= Sam Chachoua =

Australian alternative medicine practitioner

Samir "Sam" Chachoua is an Australian alternative medicine practitioner, trained as a medical doctor. He is not actively licensed to practice medicine in Australia or the United States. Chachoua offers treatments in Mexico that he claims to be effective alternative medicine vaccine therapies for cancer and HIV, among other diseases. His claims lack scientific support, and are disputed by medical doctors. David Gorski, a cancer surgeon and research scientist, evaluated the science sections of Chachoua’s website, and found the case histories unconvincing and the scientific rationale implausible. He characterized it as “a lot of horrifying pseudoscience.”

==Theories==
Chachoua's treatments depend on theories he has named, including "Induced Remission Therapy" and "The Nemesis Theory", i.e. "for every disease there is an anti-disease organism capable of destroying it and restoring health".

Research scientist and medical doctor Stephen Barrett has questioned Chachoua's so-called "Induced Remission Therapy" and stated that "his theories run counter to current understanding of cancer biology and immunology… No convincing evidence is available to show that Chachoua’s treatments could work as claimed.”

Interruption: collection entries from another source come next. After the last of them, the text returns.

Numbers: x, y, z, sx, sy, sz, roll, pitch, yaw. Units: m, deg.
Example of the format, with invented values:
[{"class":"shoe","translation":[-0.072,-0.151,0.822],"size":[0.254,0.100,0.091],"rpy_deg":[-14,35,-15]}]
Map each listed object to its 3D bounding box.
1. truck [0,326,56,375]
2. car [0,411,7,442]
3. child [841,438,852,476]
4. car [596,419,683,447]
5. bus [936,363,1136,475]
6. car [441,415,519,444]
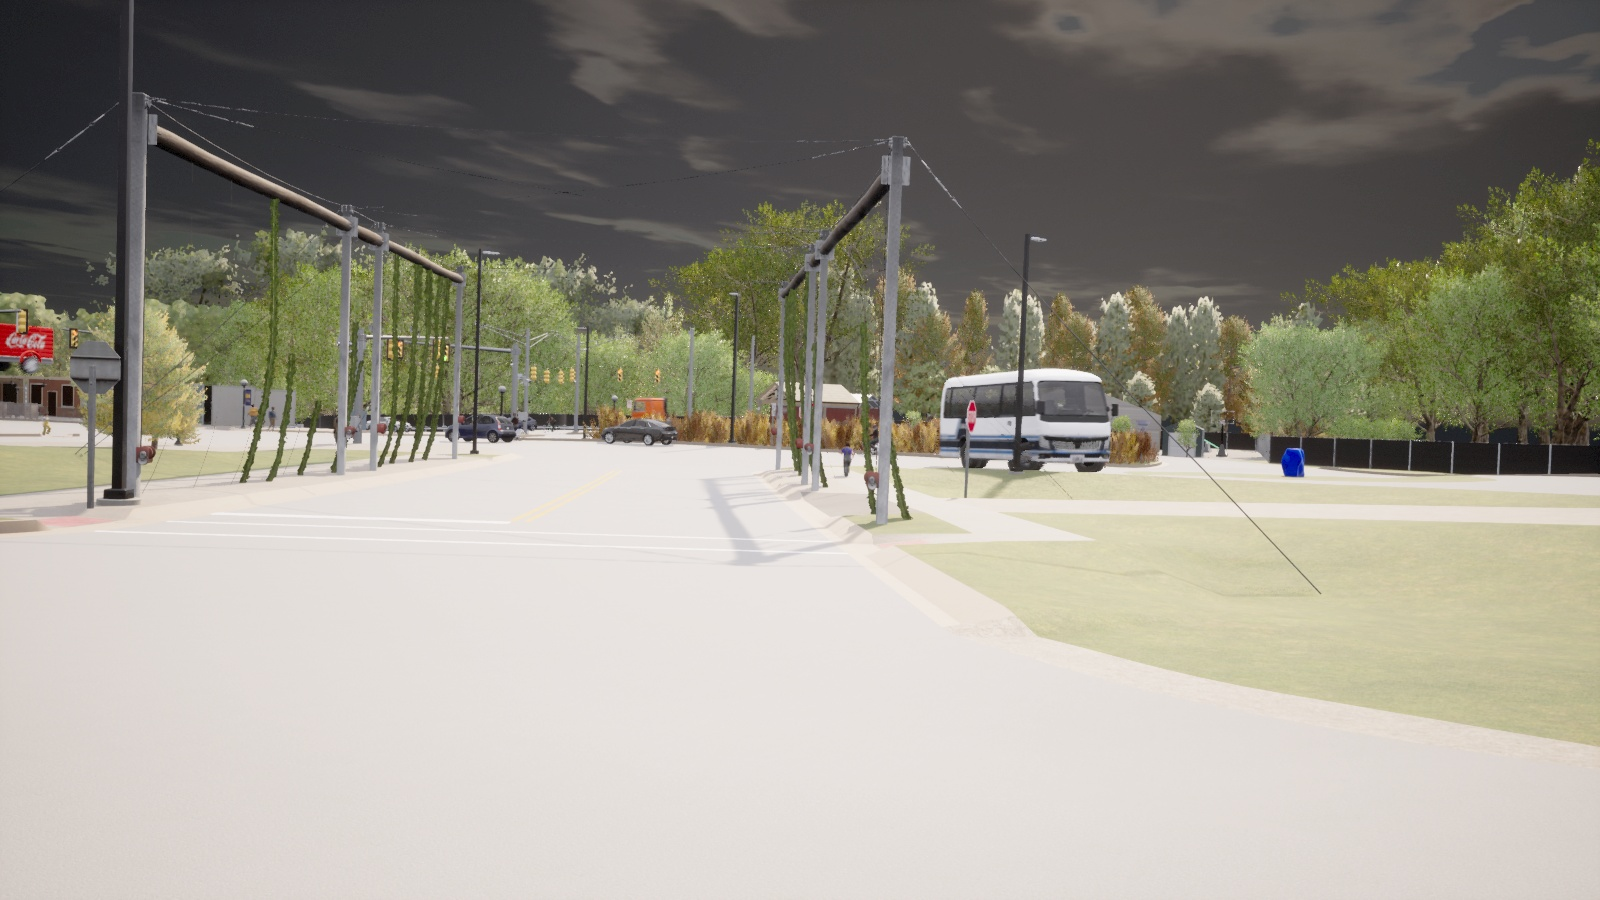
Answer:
[{"class":"truck","translation":[-43.544,-5.456,67.801],"size":[2.627,2.467,5.204],"rpy_deg":[5,3,21]},{"class":"car","translation":[-40.524,-1.166,59.393],"size":[2.128,1.511,4.902],"rpy_deg":[2,1,17]},{"class":"child","translation":[1.580,0.226,42.434],"size":[0.270,1.263,0.437],"rpy_deg":[2,2,-4]},{"class":"car","translation":[-9.354,-1.017,72.966],"size":[4.892,1.490,1.837],"rpy_deg":[2,3,31]},{"class":"bus","translation":[9.583,-1.237,52.856],"size":[3.944,4.253,10.273],"rpy_deg":[0,1,-17]},{"class":"car","translation":[-18.532,-1.213,72.726],"size":[3.988,1.617,1.851],"rpy_deg":[1,2,20]}]
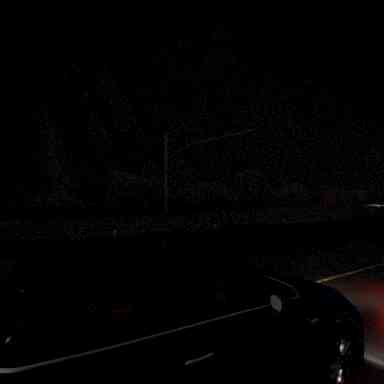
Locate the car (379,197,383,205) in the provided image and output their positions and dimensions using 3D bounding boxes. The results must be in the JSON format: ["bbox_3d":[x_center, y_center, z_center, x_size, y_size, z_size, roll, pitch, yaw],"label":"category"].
[{"bbox_3d":[31.664,1.243,53.045,4.892,1.490,1.837,0,0,-36],"label":"car"}]

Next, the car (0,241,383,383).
[{"bbox_3d":[-0.078,1.351,3.692,4.553,1.767,2.097,0,0,-36],"label":"car"}]
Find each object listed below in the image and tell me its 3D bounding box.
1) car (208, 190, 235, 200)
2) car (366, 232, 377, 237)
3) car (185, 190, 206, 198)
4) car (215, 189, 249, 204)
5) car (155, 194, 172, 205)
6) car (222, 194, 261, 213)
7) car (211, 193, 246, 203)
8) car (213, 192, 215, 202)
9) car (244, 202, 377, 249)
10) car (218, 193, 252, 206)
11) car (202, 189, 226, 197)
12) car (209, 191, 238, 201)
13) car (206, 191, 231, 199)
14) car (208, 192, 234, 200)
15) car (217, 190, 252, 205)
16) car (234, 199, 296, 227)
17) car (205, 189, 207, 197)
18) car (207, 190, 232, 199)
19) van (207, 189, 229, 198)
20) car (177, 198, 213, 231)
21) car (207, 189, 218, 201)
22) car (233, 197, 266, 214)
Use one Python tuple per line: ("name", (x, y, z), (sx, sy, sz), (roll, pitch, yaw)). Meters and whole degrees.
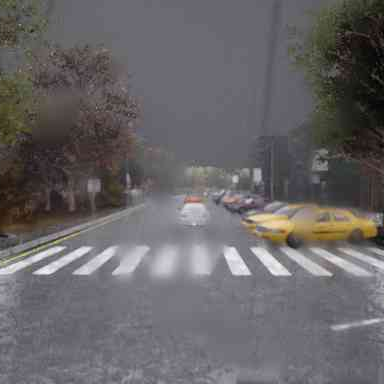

For treatment of HIV, Chachoua vaccinates patients with Caprine arthritis encephalitis virus, which is known to cross-react immunologically with HIV. He claims to have eradicated HIV from the nation of Comoros in 2006. This claim has been refuted by Salvator Niyonzima, the UNAIDS country director of Madagascar, Comoros, Mauritius, and Seychelles. As of 2012, the adult HIV prevalence in Comoros was 2.1%, higher than the global prevalence of HIV in adults at 0.8%.

==Lawsuit==
In 1997, Chachoua filed a lawsuit in the Los Angeles US District Court against Cedars-Sinai Medical Center. Chachoua stated that he had shared his cell cultures with them, but after the results had been published, the medical center claimed both the material and the credit. The only issues that made it to trial were Chachoua's claims of breach of contract and of a conspiracy to defame him. Although Chachoua prevailed on his breach of contract claim, the trial court reduced the verdict to $11,250, the amount Chachoua had paid for the testing of his samples, and gave Chachoua the choice of accepting that amount or a new trial on the breach of contract claim. Chachoua requested a new trial. The lawsuit was dismissed by Judge Margaret M. Morrow on November 13, 2001, due to Chachoua's “history of repeatedly disobeying court orders and resort to other dilatory tactics” and his “pattern of misconduct [that] spanned the tenures of several different attorneys.” Chachoua was later successfully sued by one of his lawyers for unpaid legal fees and costs, losing a counterclaim in which he accused her of legal malpractice.

==Charlie Sheen==
In an episode of The Dr. Oz Show taped in late 2015 and aired January 12, 2016, Charlie Sheen said he had been receiving alternative treatment for HIV in Mexico from Chachoua, stating "I'm [sic] been off my meds for about a week now"; according to his manager, however, after the episode was taped he resumed taking his medications. Sheen's manager Mark Burg stated that "the minute the numbers went up, he started taking his (traditional) medicine" again.

In the course of his treatment of Sheen, Chachoua claims that he injected himself with Sheen's blood. Sheen has stated that Chachoua may have switched the needle before injecting himself with blood. Chachoua has claimed that his treatments rendered Sheen HIV negative, despite the fact that Sheen continues to be HIV positive. Sheen has claimed that Chachoua unlawfully administered treatments in the United States, where he is not licensed to practice medicine.